▼▼▼
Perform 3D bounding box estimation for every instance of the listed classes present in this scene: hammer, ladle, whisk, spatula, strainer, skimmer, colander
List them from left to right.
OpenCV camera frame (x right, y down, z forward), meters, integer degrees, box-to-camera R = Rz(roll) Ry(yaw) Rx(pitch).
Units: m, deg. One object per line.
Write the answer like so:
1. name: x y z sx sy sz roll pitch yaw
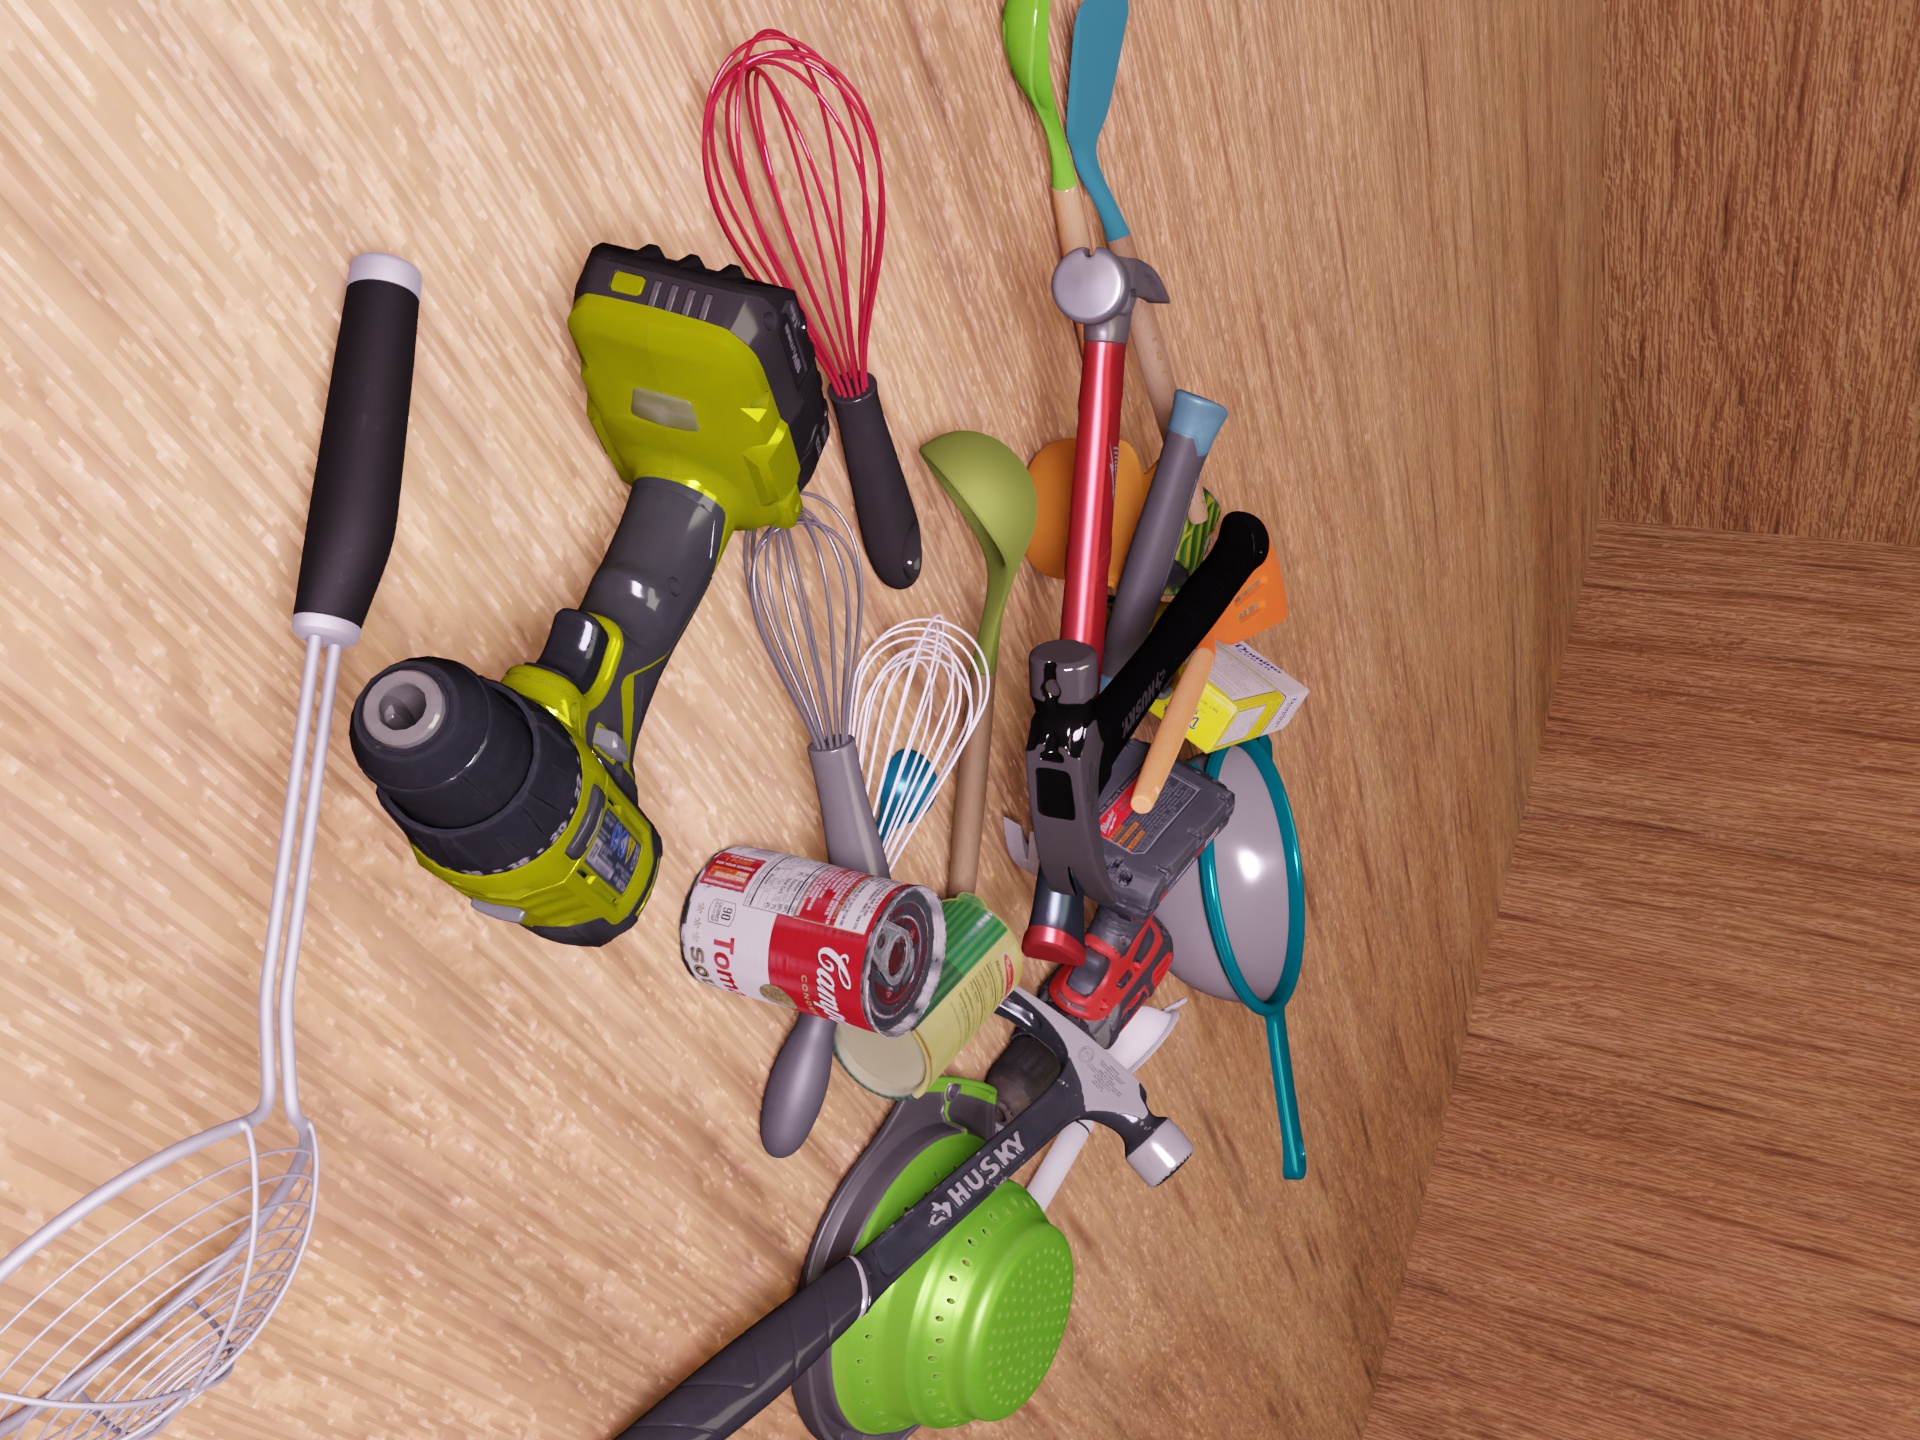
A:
1. skimmer: -0.225 0.030 0.470 0.127 0.090 0.363 71 23 -76
2. whisk: -0.056 0.011 0.736 0.055 0.055 0.238 -37 123 -53
3. whisk: -0.053 -0.167 0.717 0.073 0.073 0.295 -61 153 -33
4. whisk: -0.051 0.082 0.802 0.070 0.070 0.284 26 79 -62
5. hammer: -0.044 0.272 0.811 0.409 0.149 0.036 -28 159 -43
6. colander: -0.020 0.409 0.902 0.204 0.094 0.397 26 78 -56
7. ladle: -0.001 -0.003 0.880 0.062 0.078 0.320 -4 116 -18
8. strainer: 0.089 0.282 1.145 0.258 0.050 0.087 -52 -175 -34
9. hammer: 0.071 -0.055 0.880 0.143 0.038 0.386 -29 125 -70
10. hammer: 0.099 -0.043 0.977 0.128 0.033 0.330 -25 136 -55
11. spatula: 0.113 -0.270 0.967 0.082 0.044 0.317 -47 123 -53
12. hammer: 0.113 -0.035 0.878 0.335 0.035 0.146 -47 140 -52
13. spatula: 0.162 -0.032 1.037 0.081 0.041 0.323 69 28 -23
14. strainer: 0.194 0.180 1.203 0.211 0.095 0.340 -15 97 -62

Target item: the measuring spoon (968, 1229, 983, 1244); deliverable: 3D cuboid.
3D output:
1. measuring spoon: -0.011 0.322 0.989 0.124 0.018 0.034 14 86 -63

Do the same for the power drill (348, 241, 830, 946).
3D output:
1. power drill: -0.124 -0.045 0.549 0.190 0.080 0.229 83 25 -70

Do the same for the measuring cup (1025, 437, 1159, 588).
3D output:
1. measuring cup: 0.090 -0.145 0.998 0.174 0.052 0.095 -43 135 -52

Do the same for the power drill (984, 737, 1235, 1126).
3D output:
1. power drill: 0.085 0.143 1.012 0.188 0.080 0.226 -43 153 -38

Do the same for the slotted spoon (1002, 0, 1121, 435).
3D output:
1. slotted spoon: 0.064 -0.289 0.929 0.313 0.031 0.070 72 23 -45

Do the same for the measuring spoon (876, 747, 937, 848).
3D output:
1. measuring spoon: -0.039 0.074 0.851 0.042 0.021 0.129 57 48 -52
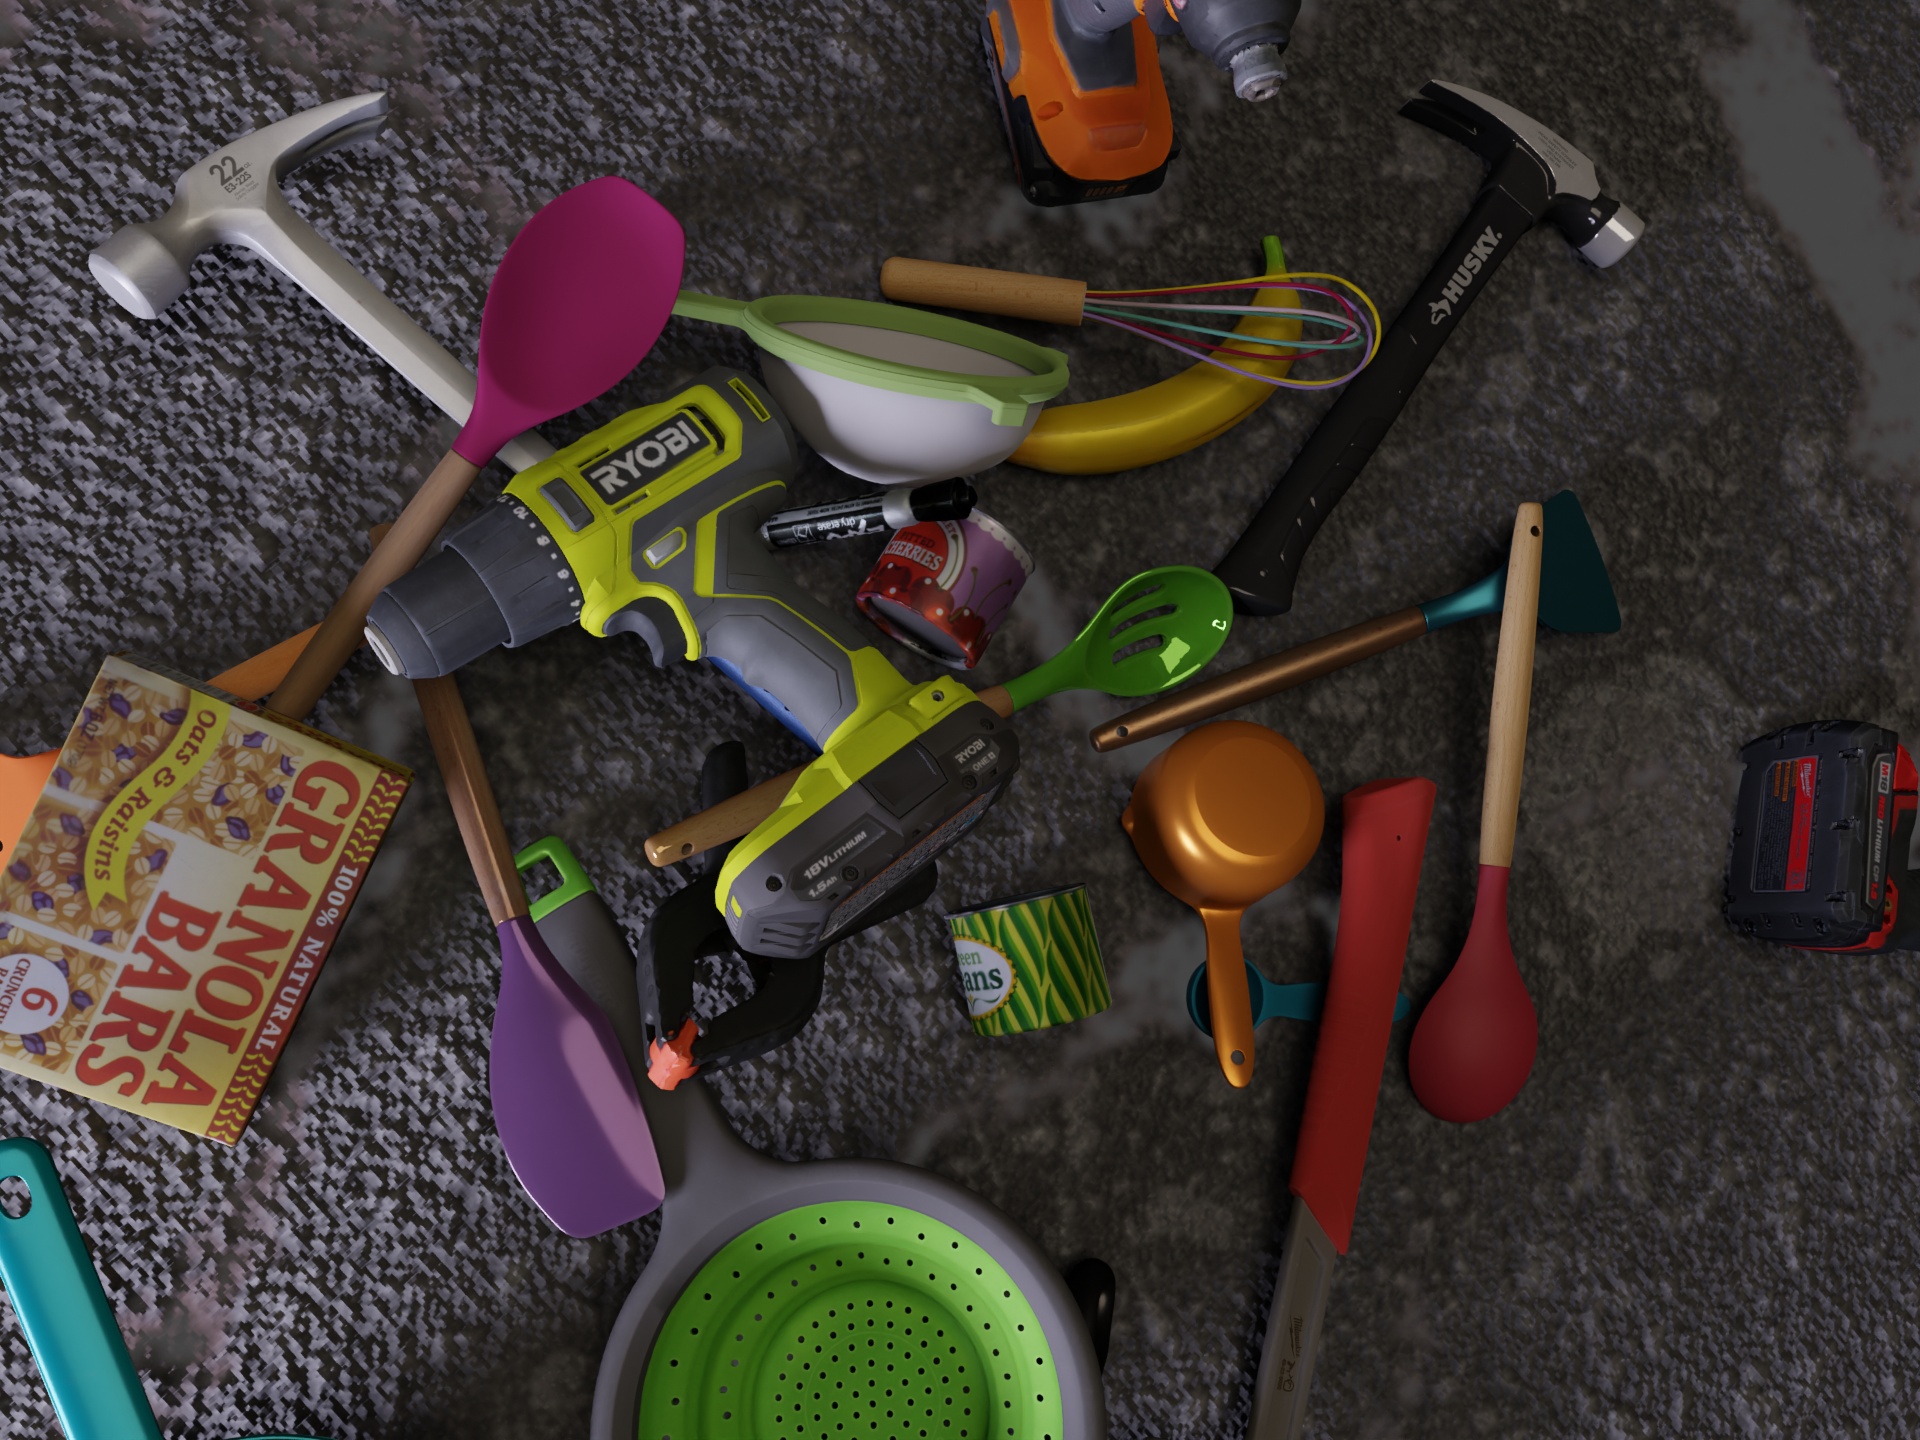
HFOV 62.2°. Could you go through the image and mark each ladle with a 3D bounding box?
▲▲▲
What you are asked to do:
Give the records again exactly, minus the pictures.

Result for this task:
Perform 3D bounding box estimation for every instance of the listed classes present in this scene: hammer, ladle, whisk, spatula, strainer, skimmer, colander
List them from left to right.
OpenCV camera frame (x right, y down, z forward), meters, integer degrees, box-to-camera R = Rz(roll) Ry(yaw) Rx(pitch).
Units: m, deg. One object per line.
Write the answer like so:
1. name: x y z sx sy sz roll pitch yaw
A:
1. skimmer: -0.225 0.030 0.470 0.127 0.090 0.363 71 23 -76
2. whisk: -0.056 0.011 0.736 0.055 0.055 0.238 -37 123 -53
3. whisk: -0.053 -0.167 0.717 0.073 0.073 0.295 -61 153 -33
4. whisk: -0.051 0.082 0.802 0.070 0.070 0.284 26 79 -62
5. hammer: -0.044 0.272 0.811 0.409 0.149 0.036 -28 159 -43
6. colander: -0.020 0.409 0.902 0.204 0.094 0.397 26 78 -56
7. ladle: -0.001 -0.003 0.880 0.062 0.078 0.320 -4 116 -18
8. strainer: 0.089 0.282 1.145 0.258 0.050 0.087 -52 -175 -34
9. hammer: 0.071 -0.055 0.880 0.143 0.038 0.386 -29 125 -70
10. hammer: 0.099 -0.043 0.977 0.128 0.033 0.330 -25 136 -55
11. spatula: 0.113 -0.270 0.967 0.082 0.044 0.317 -47 123 -53
12. hammer: 0.113 -0.035 0.878 0.335 0.035 0.146 -47 140 -52
13. spatula: 0.162 -0.032 1.037 0.081 0.041 0.323 69 28 -23
14. strainer: 0.194 0.180 1.203 0.211 0.095 0.340 -15 97 -62

Target item: the measuring spoon (968, 1229, 983, 1244); deliverable: 3D cuboid.
3D output:
1. measuring spoon: -0.011 0.322 0.989 0.124 0.018 0.034 14 86 -63

Do the same for the power drill (348, 241, 830, 946).
3D output:
1. power drill: -0.124 -0.045 0.549 0.190 0.080 0.229 83 25 -70

Do the same for the measuring cup (1025, 437, 1159, 588).
3D output:
1. measuring cup: 0.090 -0.145 0.998 0.174 0.052 0.095 -43 135 -52

Do the same for the power drill (984, 737, 1235, 1126).
3D output:
1. power drill: 0.085 0.143 1.012 0.188 0.080 0.226 -43 153 -38

Do the same for the slotted spoon (1002, 0, 1121, 435).
3D output:
1. slotted spoon: 0.064 -0.289 0.929 0.313 0.031 0.070 72 23 -45

Do the same for the measuring spoon (876, 747, 937, 848).
3D output:
1. measuring spoon: -0.039 0.074 0.851 0.042 0.021 0.129 57 48 -52
HFOV 62.2°. Could you go through the image and mark each ladle with a 3D bounding box?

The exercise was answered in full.